──────── INPUT RECORDS ────────

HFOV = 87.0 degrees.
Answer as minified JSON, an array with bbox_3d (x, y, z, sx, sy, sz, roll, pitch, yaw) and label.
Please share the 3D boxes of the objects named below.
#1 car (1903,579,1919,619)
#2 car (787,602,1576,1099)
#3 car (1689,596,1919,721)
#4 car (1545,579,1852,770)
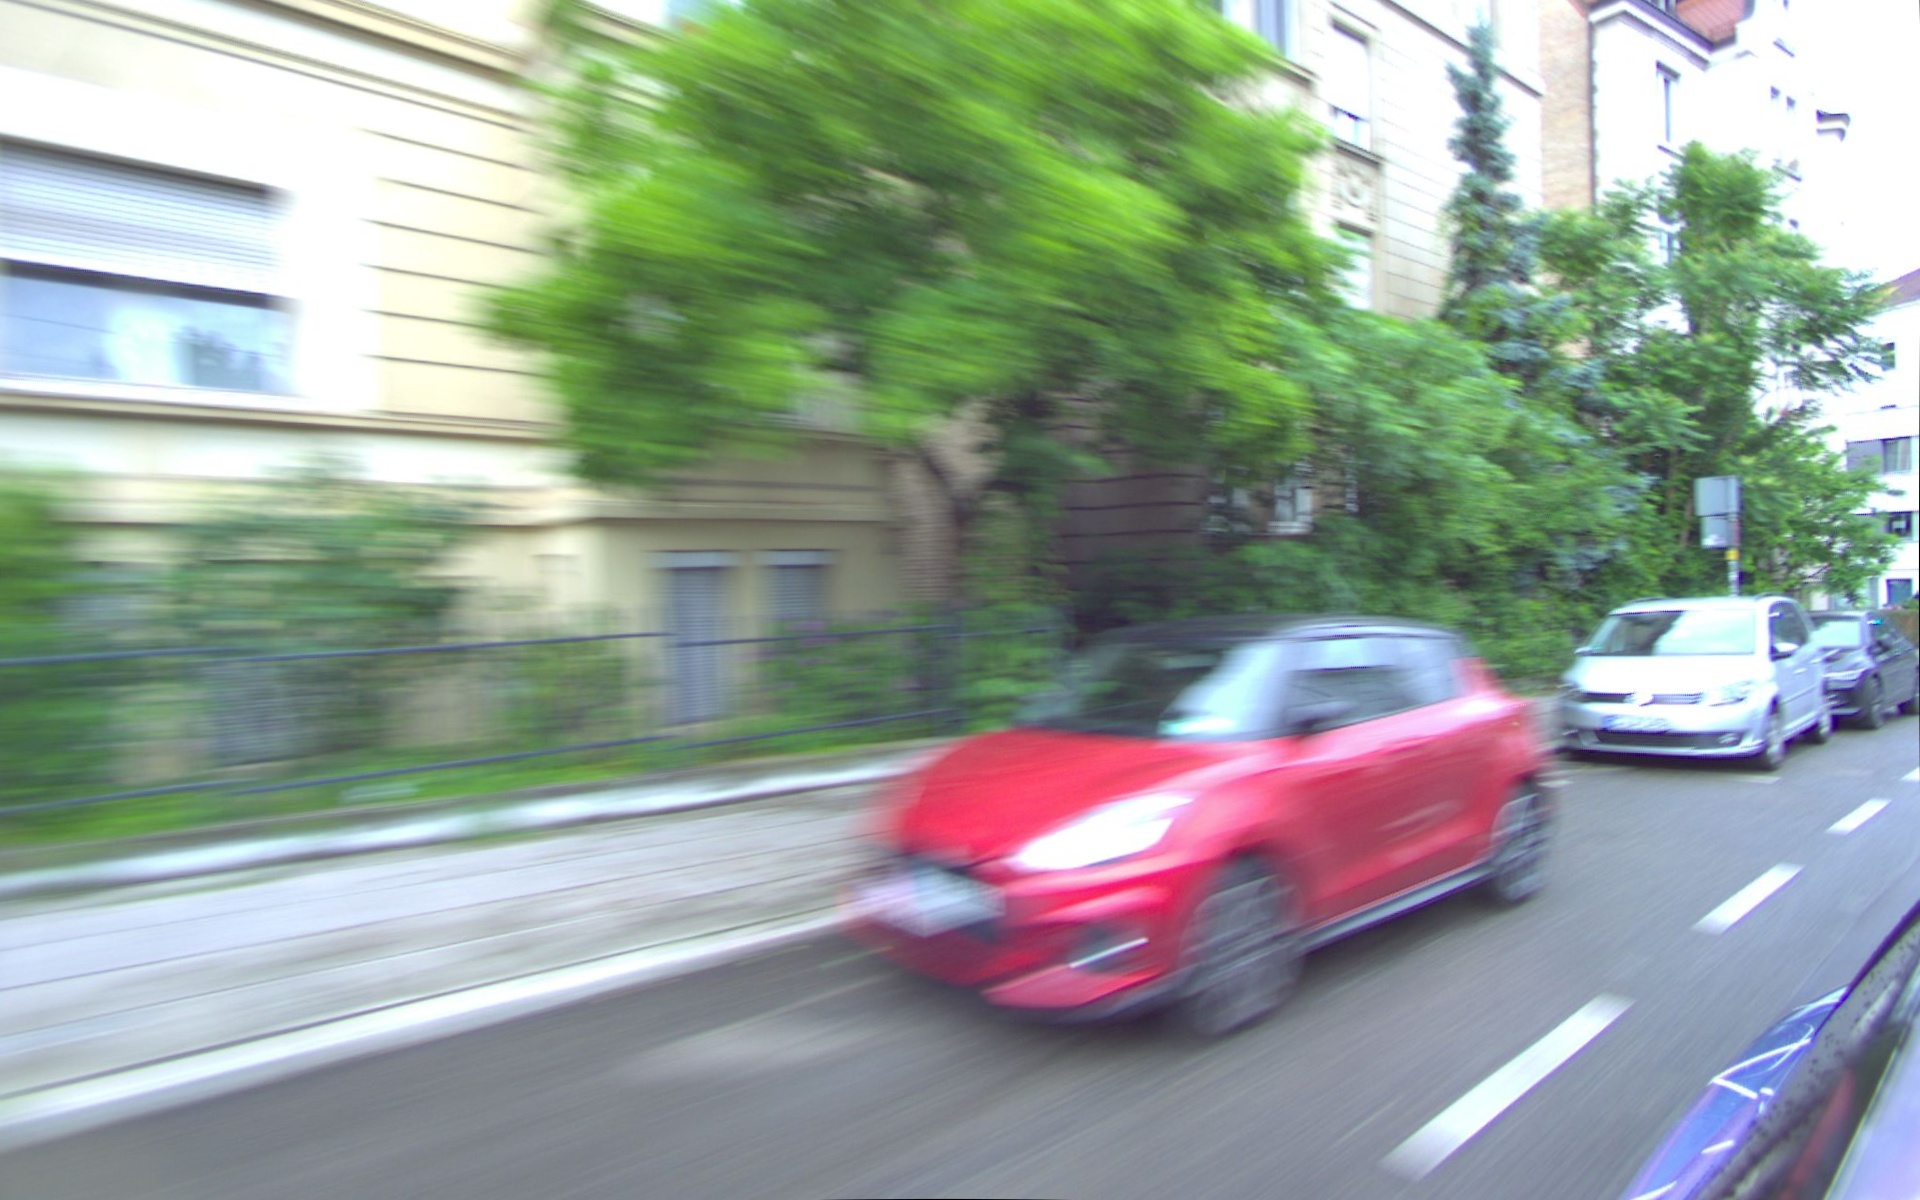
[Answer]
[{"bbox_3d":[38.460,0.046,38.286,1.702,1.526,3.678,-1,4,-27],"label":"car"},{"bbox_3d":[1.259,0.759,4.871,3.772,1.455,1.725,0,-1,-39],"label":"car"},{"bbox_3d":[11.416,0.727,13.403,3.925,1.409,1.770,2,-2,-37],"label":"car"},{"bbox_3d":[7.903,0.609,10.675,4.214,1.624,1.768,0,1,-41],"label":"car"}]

────────
──────── INPUT RECORDS ────────

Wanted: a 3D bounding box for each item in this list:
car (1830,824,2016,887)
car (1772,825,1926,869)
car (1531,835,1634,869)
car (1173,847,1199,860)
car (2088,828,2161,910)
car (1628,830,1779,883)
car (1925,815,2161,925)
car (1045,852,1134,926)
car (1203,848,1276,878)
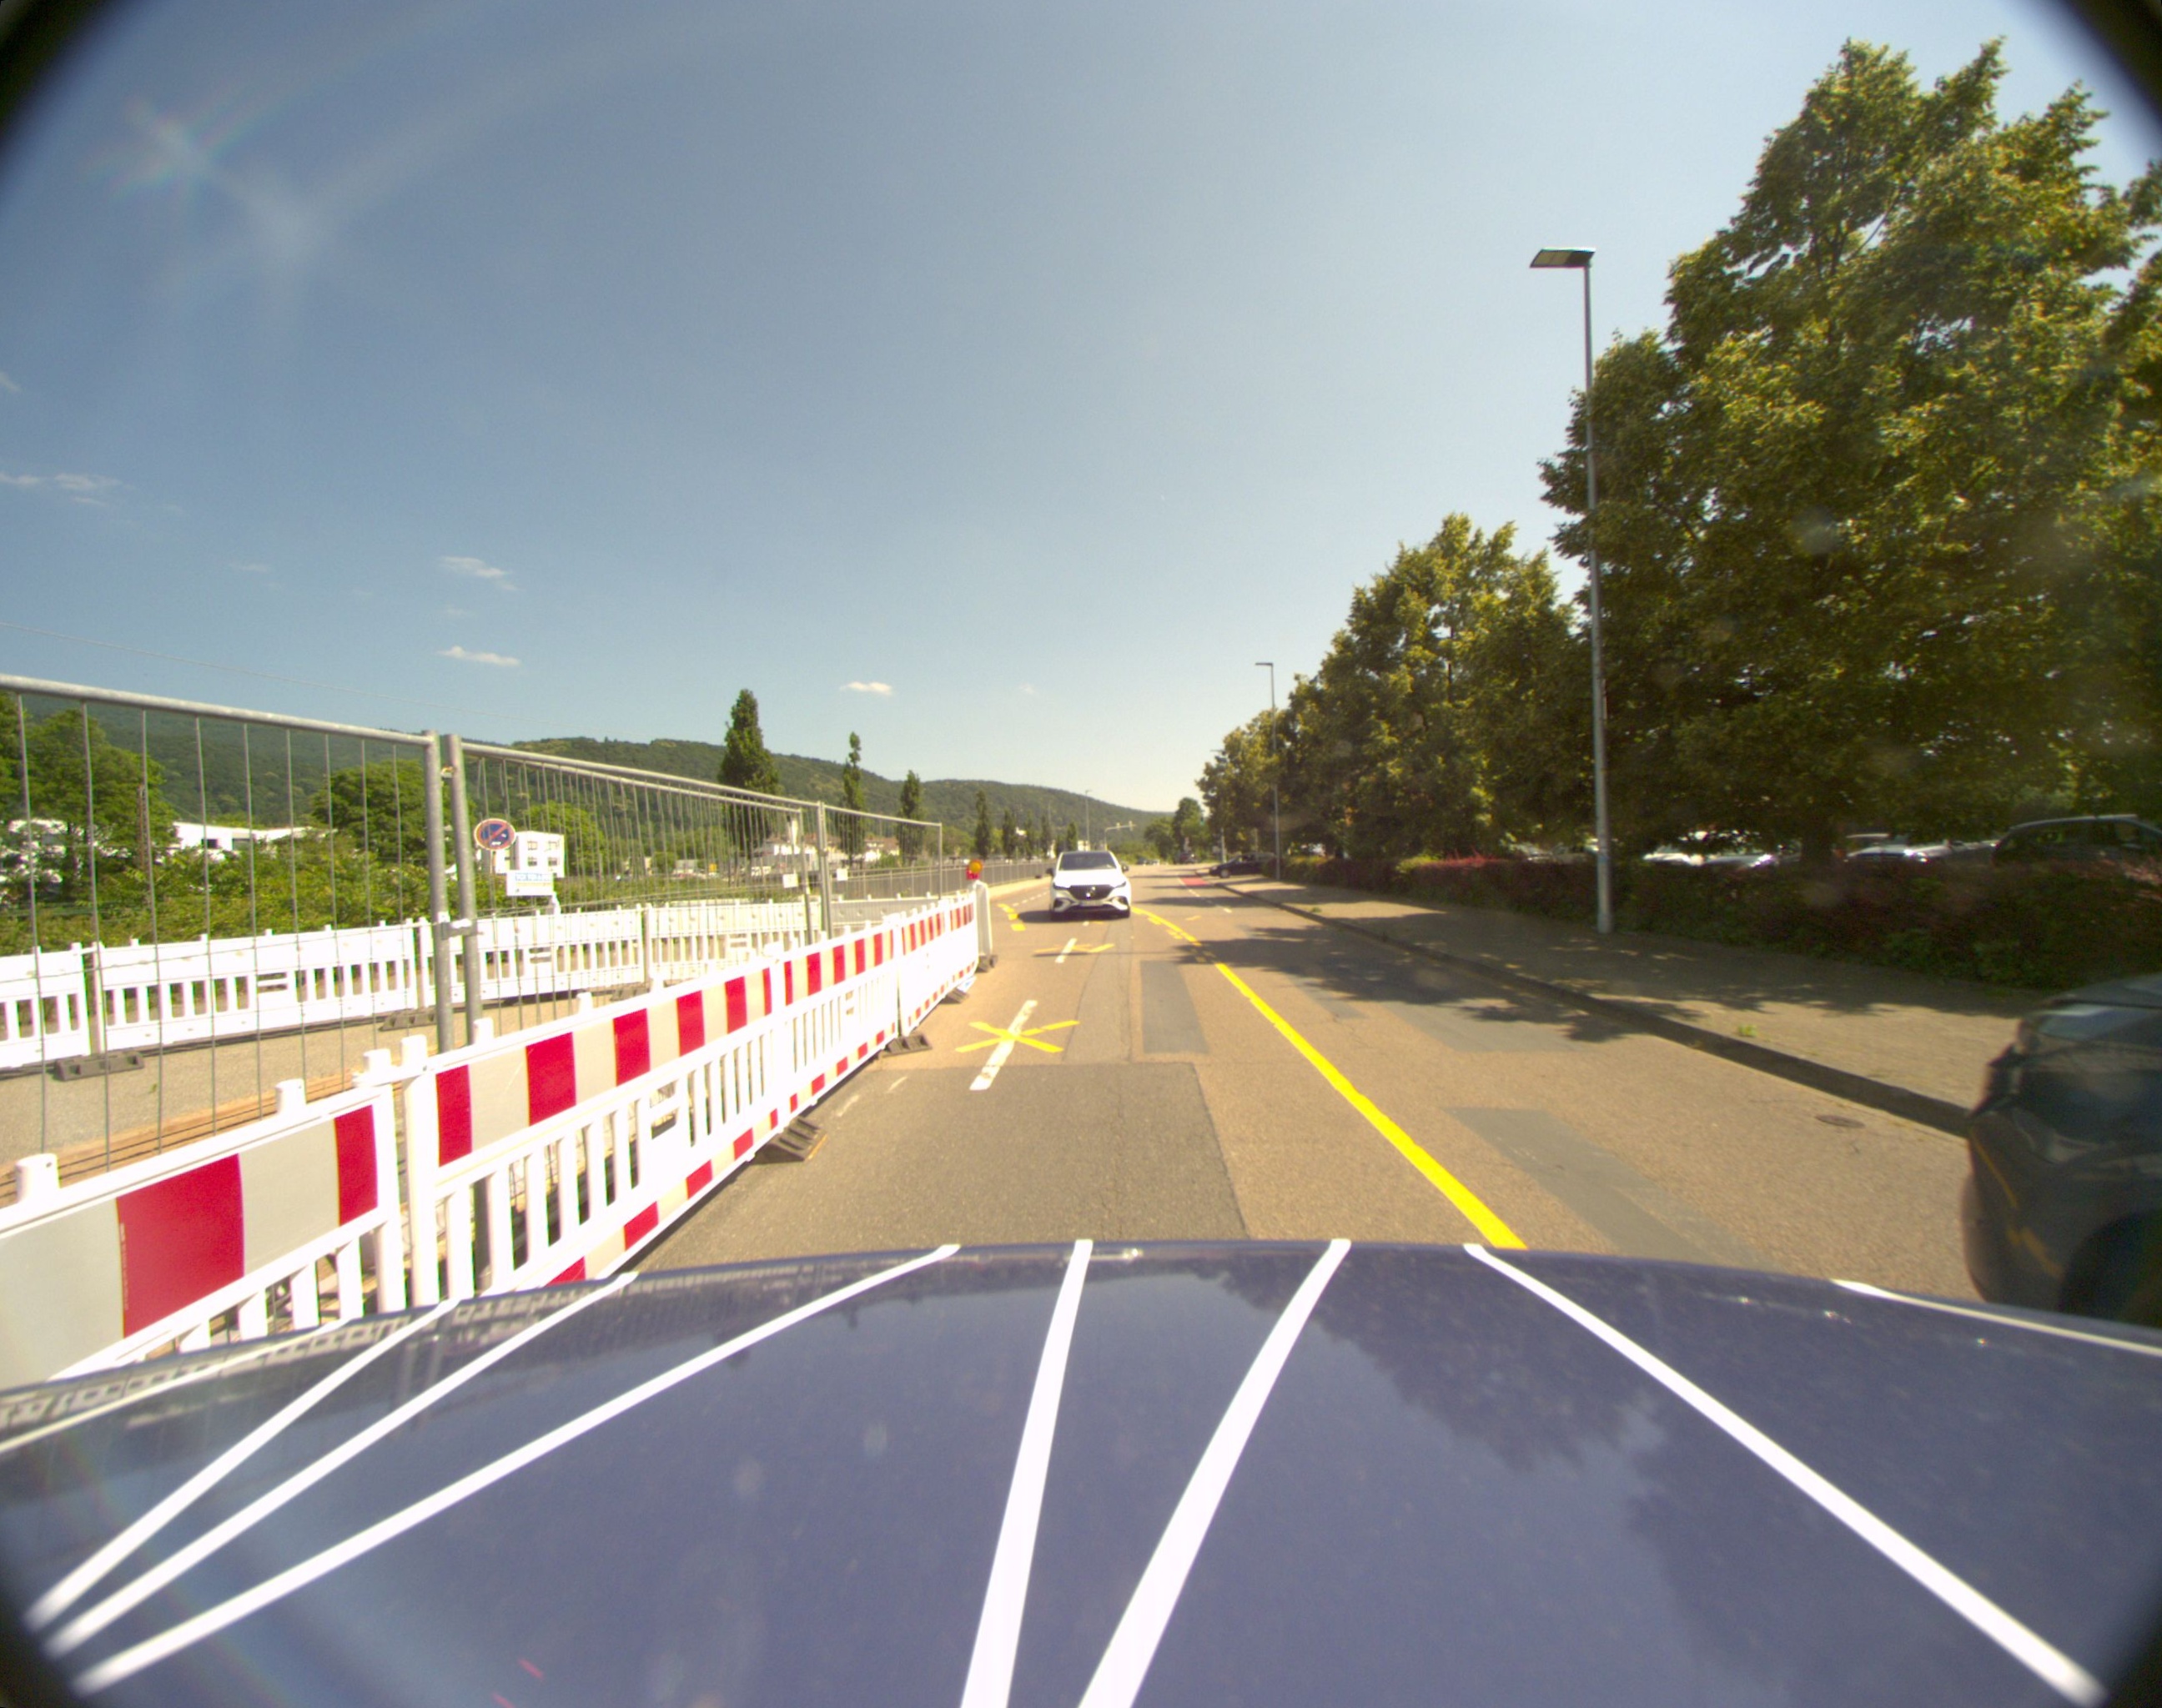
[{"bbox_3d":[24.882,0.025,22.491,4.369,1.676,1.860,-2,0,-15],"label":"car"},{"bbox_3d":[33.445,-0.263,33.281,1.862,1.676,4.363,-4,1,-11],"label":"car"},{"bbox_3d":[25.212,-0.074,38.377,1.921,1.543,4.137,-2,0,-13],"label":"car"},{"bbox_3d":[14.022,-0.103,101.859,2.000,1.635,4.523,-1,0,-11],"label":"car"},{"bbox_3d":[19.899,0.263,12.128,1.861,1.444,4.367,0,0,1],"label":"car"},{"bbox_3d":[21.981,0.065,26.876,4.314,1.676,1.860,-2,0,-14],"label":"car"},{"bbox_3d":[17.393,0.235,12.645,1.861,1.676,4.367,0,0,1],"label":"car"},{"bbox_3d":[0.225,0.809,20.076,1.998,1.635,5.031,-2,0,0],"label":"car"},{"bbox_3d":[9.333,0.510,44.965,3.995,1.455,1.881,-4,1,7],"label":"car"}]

────────

**YOUR GOAL**
With the line that has "HFOV = 87.0 degrees." as the first and the line that has "#4 car (1545,579,1852,770)" as the last, repeat exactly that run of lines above and no more.

**ANSWER SPACE**
HFOV = 87.0 degrees.
Answer as minified JSON, an array with bbox_3d (x, y, z, sx, sy, sz, roll, pitch, yaw) and label.
Please share the 3D boxes of the objects named below.
#1 car (1903,579,1919,619)
#2 car (787,602,1576,1099)
#3 car (1689,596,1919,721)
#4 car (1545,579,1852,770)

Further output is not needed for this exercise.